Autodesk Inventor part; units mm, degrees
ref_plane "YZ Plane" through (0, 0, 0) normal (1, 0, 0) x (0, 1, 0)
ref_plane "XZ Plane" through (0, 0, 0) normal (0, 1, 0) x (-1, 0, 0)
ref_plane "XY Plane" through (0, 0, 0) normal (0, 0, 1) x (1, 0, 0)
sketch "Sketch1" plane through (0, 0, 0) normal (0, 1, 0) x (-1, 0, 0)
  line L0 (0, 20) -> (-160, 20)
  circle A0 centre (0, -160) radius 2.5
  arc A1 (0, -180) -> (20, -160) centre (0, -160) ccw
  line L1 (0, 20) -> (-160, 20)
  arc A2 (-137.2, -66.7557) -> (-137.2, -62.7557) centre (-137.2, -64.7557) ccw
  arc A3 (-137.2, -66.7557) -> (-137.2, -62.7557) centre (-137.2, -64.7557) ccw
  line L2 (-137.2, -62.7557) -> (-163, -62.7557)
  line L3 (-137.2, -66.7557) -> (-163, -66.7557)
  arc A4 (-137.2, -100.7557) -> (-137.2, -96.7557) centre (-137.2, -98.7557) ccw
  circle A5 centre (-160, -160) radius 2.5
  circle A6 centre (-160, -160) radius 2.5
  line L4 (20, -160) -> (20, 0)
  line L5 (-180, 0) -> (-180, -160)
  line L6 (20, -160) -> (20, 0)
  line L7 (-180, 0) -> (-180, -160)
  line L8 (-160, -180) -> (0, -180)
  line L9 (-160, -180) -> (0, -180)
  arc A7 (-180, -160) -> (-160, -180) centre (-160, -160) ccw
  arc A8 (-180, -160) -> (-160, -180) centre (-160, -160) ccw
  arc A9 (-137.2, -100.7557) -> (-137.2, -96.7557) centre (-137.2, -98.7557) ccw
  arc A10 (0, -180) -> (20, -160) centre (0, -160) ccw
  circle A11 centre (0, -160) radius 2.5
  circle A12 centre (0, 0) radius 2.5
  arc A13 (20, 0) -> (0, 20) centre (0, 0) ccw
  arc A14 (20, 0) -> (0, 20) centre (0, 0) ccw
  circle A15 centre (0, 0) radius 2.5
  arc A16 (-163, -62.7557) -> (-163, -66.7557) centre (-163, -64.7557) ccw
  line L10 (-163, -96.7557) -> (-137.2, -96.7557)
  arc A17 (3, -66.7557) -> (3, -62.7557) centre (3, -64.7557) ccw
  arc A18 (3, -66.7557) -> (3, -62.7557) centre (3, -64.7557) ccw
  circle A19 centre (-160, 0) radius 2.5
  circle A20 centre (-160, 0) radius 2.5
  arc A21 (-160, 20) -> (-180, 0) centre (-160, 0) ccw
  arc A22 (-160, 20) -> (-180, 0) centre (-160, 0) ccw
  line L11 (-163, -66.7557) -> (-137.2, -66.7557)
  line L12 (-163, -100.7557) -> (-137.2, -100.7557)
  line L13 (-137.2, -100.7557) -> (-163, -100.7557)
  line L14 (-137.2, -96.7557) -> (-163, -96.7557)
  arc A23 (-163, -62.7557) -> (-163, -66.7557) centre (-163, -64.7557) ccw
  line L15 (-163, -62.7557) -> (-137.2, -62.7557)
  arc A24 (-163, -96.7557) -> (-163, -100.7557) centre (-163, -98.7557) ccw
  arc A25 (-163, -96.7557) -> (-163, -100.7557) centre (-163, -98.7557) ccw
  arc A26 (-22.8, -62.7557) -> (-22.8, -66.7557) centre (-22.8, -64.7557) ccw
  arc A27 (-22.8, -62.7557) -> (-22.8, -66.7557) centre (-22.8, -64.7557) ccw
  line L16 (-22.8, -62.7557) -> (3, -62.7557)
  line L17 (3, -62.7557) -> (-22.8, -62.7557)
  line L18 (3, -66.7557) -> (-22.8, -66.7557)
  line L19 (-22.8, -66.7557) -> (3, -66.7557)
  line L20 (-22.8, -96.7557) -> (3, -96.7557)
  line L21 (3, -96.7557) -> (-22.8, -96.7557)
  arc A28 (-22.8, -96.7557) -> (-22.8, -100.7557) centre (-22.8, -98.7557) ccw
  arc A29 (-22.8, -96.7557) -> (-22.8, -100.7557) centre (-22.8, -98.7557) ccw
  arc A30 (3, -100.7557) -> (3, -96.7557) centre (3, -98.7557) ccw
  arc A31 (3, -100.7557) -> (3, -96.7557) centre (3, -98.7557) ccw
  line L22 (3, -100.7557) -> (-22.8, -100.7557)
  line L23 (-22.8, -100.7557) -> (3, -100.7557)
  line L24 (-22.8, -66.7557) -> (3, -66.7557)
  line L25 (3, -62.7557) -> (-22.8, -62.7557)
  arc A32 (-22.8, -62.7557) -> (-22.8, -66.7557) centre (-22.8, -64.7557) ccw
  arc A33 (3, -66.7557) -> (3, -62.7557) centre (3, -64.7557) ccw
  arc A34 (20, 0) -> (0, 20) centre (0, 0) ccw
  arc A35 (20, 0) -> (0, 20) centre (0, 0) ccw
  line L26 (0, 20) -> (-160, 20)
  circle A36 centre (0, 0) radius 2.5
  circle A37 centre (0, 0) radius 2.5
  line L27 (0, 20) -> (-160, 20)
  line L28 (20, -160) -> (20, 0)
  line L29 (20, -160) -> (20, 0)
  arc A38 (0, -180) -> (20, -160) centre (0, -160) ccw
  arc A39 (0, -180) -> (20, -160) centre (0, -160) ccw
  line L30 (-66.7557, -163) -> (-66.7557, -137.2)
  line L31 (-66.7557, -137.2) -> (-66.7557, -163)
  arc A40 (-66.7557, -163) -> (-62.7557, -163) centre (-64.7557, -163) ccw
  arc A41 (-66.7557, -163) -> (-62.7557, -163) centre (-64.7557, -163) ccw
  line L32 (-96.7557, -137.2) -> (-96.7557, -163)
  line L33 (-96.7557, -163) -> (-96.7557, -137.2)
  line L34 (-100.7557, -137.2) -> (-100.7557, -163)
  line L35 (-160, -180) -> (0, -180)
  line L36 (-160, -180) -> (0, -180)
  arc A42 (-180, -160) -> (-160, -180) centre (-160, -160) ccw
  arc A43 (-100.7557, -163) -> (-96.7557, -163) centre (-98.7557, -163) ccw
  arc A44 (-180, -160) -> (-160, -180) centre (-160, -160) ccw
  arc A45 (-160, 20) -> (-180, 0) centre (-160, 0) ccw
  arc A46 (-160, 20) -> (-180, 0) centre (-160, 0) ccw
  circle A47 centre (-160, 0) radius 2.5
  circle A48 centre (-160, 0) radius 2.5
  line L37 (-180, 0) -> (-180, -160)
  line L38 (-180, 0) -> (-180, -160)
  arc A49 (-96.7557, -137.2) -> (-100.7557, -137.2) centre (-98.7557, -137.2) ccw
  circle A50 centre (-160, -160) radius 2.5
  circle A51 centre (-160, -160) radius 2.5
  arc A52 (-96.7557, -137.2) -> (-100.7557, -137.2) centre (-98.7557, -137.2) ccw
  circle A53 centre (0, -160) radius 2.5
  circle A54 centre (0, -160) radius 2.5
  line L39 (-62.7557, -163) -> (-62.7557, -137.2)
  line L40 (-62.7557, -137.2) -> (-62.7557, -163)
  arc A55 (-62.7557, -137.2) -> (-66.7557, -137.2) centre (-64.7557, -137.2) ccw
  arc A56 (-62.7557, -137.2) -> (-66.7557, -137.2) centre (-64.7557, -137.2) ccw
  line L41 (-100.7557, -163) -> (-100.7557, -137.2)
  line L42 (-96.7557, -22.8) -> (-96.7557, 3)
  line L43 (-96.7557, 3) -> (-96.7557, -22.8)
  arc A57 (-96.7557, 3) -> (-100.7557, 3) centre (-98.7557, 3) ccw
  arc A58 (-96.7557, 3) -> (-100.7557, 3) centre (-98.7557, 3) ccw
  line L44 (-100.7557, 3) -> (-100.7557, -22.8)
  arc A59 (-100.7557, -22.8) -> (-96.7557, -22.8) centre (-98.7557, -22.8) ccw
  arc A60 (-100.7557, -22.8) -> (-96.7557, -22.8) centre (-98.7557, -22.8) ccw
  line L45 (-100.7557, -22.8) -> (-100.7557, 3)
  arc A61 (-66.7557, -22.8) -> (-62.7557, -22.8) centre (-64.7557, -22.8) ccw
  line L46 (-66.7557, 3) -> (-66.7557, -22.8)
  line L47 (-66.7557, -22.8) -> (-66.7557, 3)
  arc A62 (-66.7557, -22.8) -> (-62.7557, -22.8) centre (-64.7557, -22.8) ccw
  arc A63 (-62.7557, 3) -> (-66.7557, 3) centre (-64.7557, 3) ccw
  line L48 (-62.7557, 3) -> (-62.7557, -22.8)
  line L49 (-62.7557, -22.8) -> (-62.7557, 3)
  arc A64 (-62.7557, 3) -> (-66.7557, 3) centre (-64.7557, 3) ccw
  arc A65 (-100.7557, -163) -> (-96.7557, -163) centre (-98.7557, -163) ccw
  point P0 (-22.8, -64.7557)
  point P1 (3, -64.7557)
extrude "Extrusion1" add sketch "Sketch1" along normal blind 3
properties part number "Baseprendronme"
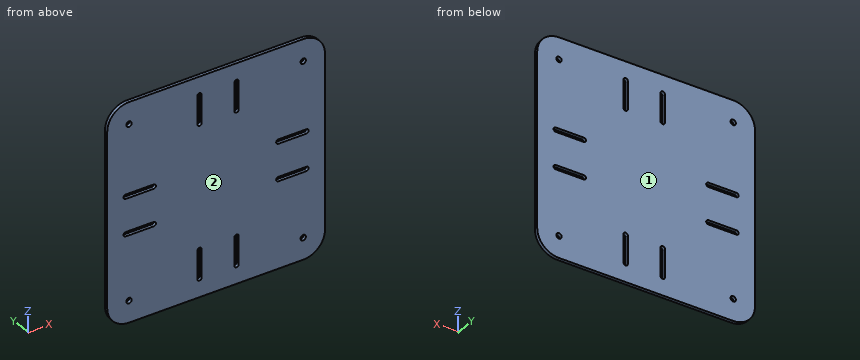
Build history of the part. All positions in model axes, mm. Face numbers are marked on the shaded views. Coordinates: 2 decimals unless noted, no trailing zeros. Write each question's results on one line, items separated by ' | '. Start each with the question number.
Item 1: Wall check: probe 1 along Z at (x, y) = (160, 0.85); probe 2 along Z at (x, y) = (153, 1.65); probe 3 along X at (y, z) = (2, -66.5). Give the ranges that are in metal, low to high. Write a range as [from, to].
Item 2: Flat gauge pin, fed straight in: pin 1 (5 mm diameter, centred on x = 151, z = -134, fed in from -Y). Where does the tip first touch, or does it go through?
Item 3: Mould opens along Y. For the marked faces 1 and 2 say: released by +Y, released by -Y, zero draft, split by the parting line, or undercut.
Numbers:
1) probe 1: [-180, -162.5], [-157.5, -100.76], [-96.76, -66.76], [-62.76, -2.5], [2.5, 20] | probe 2: [-180, -100.76], [-96.76, -66.76], [-62.76, 20] | probe 3: [-20, -3.98], [23.78, 136.22], [163.98, 180]
2) pin 1: y = 0
3) face 1: released by +Y | face 2: released by -Y

• [What to produce] Given the records above, restate word for word only the lines starting at the one with "arc A23 (-163, -62.7557)" and ending at the one with "line L34 (-100.7557, -137.2)".

• [The answer]
  arc A23 (-163, -62.7557) -> (-163, -66.7557) centre (-163, -64.7557) ccw
  line L15 (-163, -62.7557) -> (-137.2, -62.7557)
  arc A24 (-163, -96.7557) -> (-163, -100.7557) centre (-163, -98.7557) ccw
  arc A25 (-163, -96.7557) -> (-163, -100.7557) centre (-163, -98.7557) ccw
  arc A26 (-22.8, -62.7557) -> (-22.8, -66.7557) centre (-22.8, -64.7557) ccw
  arc A27 (-22.8, -62.7557) -> (-22.8, -66.7557) centre (-22.8, -64.7557) ccw
  line L16 (-22.8, -62.7557) -> (3, -62.7557)
  line L17 (3, -62.7557) -> (-22.8, -62.7557)
  line L18 (3, -66.7557) -> (-22.8, -66.7557)
  line L19 (-22.8, -66.7557) -> (3, -66.7557)
  line L20 (-22.8, -96.7557) -> (3, -96.7557)
  line L21 (3, -96.7557) -> (-22.8, -96.7557)
  arc A28 (-22.8, -96.7557) -> (-22.8, -100.7557) centre (-22.8, -98.7557) ccw
  arc A29 (-22.8, -96.7557) -> (-22.8, -100.7557) centre (-22.8, -98.7557) ccw
  arc A30 (3, -100.7557) -> (3, -96.7557) centre (3, -98.7557) ccw
  arc A31 (3, -100.7557) -> (3, -96.7557) centre (3, -98.7557) ccw
  line L22 (3, -100.7557) -> (-22.8, -100.7557)
  line L23 (-22.8, -100.7557) -> (3, -100.7557)
  line L24 (-22.8, -66.7557) -> (3, -66.7557)
  line L25 (3, -62.7557) -> (-22.8, -62.7557)
  arc A32 (-22.8, -62.7557) -> (-22.8, -66.7557) centre (-22.8, -64.7557) ccw
  arc A33 (3, -66.7557) -> (3, -62.7557) centre (3, -64.7557) ccw
  arc A34 (20, 0) -> (0, 20) centre (0, 0) ccw
  arc A35 (20, 0) -> (0, 20) centre (0, 0) ccw
  line L26 (0, 20) -> (-160, 20)
  circle A36 centre (0, 0) radius 2.5
  circle A37 centre (0, 0) radius 2.5
  line L27 (0, 20) -> (-160, 20)
  line L28 (20, -160) -> (20, 0)
  line L29 (20, -160) -> (20, 0)
  arc A38 (0, -180) -> (20, -160) centre (0, -160) ccw
  arc A39 (0, -180) -> (20, -160) centre (0, -160) ccw
  line L30 (-66.7557, -163) -> (-66.7557, -137.2)
  line L31 (-66.7557, -137.2) -> (-66.7557, -163)
  arc A40 (-66.7557, -163) -> (-62.7557, -163) centre (-64.7557, -163) ccw
  arc A41 (-66.7557, -163) -> (-62.7557, -163) centre (-64.7557, -163) ccw
  line L32 (-96.7557, -137.2) -> (-96.7557, -163)
  line L33 (-96.7557, -163) -> (-96.7557, -137.2)
  line L34 (-100.7557, -137.2) -> (-100.7557, -163)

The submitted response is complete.